GIVEN RECORDS Block Start

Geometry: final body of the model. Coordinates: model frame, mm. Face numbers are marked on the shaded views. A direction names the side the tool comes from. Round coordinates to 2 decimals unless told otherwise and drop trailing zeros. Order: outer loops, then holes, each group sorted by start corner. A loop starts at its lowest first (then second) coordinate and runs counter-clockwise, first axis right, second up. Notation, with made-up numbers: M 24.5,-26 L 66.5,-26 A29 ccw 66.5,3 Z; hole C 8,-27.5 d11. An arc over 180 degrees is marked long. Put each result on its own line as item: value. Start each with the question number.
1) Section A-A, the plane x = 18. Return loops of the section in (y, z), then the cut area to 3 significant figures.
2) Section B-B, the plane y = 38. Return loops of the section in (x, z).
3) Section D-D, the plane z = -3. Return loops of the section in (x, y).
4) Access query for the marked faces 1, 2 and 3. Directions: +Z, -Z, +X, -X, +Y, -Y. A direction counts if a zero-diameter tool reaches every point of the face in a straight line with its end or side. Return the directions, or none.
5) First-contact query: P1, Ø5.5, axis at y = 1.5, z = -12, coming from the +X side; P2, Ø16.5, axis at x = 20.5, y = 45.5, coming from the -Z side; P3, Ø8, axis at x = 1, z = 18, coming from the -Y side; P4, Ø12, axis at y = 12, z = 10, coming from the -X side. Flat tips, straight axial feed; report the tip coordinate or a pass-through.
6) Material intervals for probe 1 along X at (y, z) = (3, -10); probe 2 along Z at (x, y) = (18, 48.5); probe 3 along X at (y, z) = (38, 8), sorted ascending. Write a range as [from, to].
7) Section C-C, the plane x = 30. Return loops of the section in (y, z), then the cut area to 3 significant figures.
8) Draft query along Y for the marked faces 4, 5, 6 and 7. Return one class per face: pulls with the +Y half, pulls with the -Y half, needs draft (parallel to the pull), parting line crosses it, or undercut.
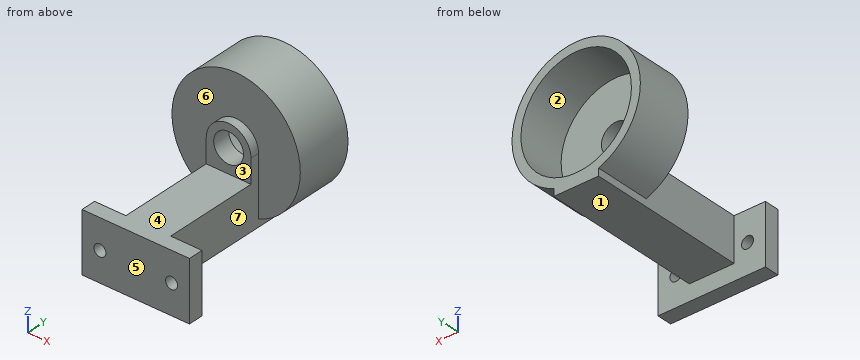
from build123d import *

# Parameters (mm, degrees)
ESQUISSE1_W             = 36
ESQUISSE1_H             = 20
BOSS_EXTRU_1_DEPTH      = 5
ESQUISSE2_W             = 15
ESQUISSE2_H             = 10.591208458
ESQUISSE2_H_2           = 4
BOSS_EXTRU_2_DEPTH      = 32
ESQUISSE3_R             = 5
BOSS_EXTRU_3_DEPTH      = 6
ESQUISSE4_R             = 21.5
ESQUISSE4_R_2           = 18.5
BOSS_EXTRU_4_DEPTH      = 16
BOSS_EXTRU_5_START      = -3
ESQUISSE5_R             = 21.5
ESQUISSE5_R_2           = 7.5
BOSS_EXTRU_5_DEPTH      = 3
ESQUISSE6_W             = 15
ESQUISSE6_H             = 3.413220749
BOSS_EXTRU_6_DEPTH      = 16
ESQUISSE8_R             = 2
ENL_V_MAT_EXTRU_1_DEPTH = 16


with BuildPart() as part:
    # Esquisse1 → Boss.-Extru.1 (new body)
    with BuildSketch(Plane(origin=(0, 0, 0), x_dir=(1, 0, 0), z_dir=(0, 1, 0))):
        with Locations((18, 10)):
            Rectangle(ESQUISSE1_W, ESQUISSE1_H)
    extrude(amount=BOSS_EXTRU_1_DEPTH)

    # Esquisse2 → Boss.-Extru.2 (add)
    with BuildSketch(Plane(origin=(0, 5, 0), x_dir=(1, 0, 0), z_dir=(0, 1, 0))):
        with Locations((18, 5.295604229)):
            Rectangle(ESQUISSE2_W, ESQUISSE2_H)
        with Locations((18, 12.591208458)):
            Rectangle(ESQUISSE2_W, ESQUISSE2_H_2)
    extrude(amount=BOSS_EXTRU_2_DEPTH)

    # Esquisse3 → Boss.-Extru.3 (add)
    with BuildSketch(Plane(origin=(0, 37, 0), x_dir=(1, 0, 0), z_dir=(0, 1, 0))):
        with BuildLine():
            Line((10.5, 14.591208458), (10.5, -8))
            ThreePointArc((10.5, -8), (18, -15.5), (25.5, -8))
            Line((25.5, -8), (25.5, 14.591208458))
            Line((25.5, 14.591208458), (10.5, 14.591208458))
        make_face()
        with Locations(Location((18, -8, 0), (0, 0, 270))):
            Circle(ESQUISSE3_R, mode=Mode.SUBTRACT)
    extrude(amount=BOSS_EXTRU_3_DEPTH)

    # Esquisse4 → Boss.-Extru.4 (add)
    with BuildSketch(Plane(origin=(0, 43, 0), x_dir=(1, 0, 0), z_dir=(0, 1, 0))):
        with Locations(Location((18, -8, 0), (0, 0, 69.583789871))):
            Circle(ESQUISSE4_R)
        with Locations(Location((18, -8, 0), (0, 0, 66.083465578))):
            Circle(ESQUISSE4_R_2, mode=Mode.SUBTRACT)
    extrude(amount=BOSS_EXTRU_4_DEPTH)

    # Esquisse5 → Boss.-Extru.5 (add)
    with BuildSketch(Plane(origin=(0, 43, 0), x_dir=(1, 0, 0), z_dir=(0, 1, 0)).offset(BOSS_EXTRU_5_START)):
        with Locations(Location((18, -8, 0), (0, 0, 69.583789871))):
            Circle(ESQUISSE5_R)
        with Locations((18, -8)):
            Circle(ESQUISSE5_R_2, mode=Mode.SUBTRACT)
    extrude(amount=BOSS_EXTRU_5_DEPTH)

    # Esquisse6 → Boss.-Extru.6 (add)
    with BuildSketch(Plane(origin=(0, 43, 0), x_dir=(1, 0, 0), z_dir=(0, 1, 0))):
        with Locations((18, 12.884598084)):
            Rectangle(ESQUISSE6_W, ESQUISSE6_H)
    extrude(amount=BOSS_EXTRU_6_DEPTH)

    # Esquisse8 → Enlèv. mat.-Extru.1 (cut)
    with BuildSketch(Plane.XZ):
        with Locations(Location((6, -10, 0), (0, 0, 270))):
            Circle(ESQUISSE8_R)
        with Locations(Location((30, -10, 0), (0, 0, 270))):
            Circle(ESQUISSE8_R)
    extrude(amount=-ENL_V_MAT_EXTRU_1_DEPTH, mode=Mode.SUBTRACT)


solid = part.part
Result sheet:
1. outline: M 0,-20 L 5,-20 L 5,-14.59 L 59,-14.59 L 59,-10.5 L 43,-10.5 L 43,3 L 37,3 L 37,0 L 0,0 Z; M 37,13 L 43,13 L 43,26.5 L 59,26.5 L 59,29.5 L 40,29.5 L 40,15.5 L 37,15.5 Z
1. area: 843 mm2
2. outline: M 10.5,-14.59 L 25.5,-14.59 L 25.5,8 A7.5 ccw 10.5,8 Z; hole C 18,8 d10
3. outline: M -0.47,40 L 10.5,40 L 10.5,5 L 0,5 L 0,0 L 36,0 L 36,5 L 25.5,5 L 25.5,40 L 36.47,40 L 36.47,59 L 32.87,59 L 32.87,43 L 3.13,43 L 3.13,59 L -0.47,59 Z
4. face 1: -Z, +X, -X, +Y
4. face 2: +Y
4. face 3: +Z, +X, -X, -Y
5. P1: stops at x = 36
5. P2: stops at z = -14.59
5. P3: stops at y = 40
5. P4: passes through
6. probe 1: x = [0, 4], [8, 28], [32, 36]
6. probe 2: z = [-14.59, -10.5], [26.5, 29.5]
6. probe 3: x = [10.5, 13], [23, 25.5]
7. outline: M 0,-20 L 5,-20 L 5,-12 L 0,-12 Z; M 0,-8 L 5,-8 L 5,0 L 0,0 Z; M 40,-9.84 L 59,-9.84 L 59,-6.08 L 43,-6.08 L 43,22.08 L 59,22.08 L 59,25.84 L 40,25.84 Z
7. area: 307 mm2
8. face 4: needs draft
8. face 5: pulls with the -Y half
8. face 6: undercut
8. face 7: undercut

GIVEN RECORDS Block End
GIVEN RECORDS Block Start

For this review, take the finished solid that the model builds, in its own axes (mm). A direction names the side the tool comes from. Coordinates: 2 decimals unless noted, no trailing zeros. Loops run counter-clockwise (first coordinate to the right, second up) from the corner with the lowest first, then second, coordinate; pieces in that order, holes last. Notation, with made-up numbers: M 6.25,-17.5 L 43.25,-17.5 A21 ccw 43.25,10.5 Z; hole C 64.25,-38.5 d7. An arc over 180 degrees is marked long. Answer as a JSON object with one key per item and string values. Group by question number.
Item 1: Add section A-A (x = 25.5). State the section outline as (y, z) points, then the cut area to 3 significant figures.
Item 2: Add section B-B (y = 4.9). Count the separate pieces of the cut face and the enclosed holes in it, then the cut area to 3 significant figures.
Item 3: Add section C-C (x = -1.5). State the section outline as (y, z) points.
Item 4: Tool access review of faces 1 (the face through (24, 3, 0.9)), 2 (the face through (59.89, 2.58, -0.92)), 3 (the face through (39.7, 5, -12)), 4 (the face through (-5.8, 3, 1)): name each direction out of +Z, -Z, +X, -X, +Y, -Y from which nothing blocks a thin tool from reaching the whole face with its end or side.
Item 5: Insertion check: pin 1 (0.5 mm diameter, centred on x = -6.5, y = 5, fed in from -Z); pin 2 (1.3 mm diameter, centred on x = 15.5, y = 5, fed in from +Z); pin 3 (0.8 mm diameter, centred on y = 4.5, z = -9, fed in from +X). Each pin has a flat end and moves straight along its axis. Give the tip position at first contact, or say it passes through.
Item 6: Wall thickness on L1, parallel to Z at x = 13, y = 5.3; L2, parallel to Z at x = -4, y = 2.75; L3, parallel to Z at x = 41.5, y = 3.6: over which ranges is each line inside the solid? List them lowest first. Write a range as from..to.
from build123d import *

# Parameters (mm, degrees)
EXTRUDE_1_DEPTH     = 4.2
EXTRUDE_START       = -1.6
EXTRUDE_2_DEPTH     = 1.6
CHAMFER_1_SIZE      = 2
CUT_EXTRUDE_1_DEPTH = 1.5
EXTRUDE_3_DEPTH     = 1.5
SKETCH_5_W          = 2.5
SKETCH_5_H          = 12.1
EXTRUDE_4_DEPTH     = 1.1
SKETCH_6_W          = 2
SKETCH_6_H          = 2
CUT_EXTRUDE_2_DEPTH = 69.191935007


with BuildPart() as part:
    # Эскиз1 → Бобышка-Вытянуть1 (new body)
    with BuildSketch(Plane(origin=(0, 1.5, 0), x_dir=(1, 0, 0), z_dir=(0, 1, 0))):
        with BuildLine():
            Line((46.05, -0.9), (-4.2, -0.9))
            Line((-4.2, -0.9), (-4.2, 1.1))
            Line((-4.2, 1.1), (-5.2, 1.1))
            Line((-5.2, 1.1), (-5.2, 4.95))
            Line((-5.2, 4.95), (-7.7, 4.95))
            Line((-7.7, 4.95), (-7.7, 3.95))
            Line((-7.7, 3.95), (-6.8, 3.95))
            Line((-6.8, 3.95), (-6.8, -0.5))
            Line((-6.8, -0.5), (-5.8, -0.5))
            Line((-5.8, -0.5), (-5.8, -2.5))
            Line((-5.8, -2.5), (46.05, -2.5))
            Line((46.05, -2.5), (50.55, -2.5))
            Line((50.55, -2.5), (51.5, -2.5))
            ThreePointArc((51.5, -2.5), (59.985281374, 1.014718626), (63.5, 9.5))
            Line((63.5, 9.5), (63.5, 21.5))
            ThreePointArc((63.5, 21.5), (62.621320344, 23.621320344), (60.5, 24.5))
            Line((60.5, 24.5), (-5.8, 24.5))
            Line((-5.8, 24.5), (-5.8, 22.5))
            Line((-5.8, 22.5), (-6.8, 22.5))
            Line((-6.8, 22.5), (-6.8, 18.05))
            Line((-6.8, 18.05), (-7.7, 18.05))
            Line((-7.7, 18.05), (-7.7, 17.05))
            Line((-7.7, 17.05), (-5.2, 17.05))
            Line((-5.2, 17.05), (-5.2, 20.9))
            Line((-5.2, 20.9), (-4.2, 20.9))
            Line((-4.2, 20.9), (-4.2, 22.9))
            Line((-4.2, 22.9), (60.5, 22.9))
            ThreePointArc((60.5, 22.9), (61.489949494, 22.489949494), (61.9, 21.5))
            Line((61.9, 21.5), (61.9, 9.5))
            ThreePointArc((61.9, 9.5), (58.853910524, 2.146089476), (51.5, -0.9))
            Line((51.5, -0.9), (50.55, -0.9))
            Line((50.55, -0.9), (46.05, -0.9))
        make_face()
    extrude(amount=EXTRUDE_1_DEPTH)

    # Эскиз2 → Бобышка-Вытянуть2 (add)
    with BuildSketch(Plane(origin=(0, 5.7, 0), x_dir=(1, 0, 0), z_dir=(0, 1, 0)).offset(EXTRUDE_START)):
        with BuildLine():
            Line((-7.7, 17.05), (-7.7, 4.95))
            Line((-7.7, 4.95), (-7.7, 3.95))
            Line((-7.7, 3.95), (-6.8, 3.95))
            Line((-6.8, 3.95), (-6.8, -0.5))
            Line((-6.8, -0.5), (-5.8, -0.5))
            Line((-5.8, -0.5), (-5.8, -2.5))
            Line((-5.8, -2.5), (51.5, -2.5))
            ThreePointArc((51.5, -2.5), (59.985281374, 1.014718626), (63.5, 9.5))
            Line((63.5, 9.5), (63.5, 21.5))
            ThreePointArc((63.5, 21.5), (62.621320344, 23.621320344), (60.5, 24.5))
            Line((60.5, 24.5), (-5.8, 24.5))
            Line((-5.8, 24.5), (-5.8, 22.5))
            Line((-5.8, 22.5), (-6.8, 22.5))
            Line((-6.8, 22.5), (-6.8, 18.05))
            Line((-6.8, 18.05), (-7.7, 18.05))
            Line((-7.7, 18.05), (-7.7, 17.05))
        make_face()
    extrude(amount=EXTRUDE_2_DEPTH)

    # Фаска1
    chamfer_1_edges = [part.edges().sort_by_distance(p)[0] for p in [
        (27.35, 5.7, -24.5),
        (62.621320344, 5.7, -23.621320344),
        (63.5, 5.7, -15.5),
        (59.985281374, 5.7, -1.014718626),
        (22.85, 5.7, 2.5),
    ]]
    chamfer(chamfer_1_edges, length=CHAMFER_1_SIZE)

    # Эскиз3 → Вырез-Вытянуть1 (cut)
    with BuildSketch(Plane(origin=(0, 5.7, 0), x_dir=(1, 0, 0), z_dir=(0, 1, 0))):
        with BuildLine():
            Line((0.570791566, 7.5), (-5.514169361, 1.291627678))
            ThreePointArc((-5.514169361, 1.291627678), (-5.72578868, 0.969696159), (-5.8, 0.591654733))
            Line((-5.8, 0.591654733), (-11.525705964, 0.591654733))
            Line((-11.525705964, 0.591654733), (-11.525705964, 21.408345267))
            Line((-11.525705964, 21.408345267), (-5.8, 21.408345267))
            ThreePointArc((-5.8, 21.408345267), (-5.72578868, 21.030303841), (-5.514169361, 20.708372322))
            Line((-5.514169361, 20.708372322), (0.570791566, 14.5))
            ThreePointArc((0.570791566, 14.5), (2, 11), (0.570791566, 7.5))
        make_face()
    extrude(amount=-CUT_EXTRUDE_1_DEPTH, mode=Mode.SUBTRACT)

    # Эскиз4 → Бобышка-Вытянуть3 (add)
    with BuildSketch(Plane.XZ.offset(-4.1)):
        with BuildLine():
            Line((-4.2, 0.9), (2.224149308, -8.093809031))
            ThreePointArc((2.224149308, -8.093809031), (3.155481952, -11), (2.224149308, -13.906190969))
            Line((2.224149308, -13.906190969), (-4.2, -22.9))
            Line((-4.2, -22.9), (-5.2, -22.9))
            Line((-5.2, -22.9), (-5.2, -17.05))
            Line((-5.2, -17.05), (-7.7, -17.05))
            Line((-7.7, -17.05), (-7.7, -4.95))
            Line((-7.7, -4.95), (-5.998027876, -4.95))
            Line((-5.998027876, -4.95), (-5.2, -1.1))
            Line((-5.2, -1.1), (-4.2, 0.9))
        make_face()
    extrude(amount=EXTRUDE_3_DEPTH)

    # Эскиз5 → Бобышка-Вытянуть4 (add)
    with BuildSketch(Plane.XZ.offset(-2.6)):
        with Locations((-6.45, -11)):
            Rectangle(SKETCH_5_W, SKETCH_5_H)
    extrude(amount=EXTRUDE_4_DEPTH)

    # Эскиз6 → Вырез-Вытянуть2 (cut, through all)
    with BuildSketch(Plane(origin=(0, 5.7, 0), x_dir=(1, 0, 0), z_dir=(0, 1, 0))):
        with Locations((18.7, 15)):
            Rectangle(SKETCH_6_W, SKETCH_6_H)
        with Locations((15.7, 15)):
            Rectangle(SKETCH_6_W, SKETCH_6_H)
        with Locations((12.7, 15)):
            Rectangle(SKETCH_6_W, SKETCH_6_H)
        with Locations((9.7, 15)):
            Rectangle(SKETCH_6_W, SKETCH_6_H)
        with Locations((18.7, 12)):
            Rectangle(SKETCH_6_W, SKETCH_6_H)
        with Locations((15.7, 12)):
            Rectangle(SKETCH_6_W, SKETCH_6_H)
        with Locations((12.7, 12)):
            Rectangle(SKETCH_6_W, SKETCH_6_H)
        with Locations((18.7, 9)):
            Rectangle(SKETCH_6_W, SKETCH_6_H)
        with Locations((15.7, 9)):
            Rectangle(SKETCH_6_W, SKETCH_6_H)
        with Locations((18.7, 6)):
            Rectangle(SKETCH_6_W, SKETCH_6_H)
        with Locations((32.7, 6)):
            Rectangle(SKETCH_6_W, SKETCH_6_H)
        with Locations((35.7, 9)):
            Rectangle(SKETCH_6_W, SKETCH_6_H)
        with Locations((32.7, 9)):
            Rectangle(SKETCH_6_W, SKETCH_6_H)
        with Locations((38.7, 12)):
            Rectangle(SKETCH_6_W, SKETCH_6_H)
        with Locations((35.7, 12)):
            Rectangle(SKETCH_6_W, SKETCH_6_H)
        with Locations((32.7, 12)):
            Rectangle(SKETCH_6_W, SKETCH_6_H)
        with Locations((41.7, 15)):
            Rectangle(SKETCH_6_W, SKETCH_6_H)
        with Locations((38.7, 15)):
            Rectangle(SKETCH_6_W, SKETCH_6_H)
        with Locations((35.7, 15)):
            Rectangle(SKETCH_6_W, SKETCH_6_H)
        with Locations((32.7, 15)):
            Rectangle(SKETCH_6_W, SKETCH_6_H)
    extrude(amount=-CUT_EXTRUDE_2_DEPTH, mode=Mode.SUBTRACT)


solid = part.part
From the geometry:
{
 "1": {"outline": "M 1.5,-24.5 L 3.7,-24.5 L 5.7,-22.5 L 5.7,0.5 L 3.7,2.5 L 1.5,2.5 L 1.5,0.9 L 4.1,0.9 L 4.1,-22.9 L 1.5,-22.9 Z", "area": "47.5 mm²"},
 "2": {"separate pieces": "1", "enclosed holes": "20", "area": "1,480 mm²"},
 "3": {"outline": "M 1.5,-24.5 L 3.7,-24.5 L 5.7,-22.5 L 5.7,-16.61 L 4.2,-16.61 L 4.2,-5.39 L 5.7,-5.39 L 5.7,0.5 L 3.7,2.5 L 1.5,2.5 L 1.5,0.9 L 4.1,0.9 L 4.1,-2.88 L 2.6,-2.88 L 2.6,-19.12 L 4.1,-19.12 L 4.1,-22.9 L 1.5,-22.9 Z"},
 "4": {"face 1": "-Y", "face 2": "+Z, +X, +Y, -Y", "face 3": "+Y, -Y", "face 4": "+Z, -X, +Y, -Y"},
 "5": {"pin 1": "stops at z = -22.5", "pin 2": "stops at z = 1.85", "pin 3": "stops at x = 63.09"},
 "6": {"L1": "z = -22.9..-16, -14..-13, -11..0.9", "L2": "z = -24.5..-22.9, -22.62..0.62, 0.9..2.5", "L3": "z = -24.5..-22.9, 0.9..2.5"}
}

GIVEN RECORDS Block End

Which of the lines above hold the string "Write"? Pick each of them out.

◆ WRITTEN SOLUTION ◆
6) Material intervals for probe 1 along X at (y, z) = (3, -10); probe 2 along Z at (x, y) = (18, 48.5); probe 3 along X at (y, z) = (38, 8), sorted ascending. Write a range as [from, to].
Item 6: Wall thickness on L1, parallel to Z at x = 13, y = 5.3; L2, parallel to Z at x = -4, y = 2.75; L3, parallel to Z at x = 41.5, y = 3.6: over which ranges is each line inside the solid? List them lowest first. Write a range as from..to.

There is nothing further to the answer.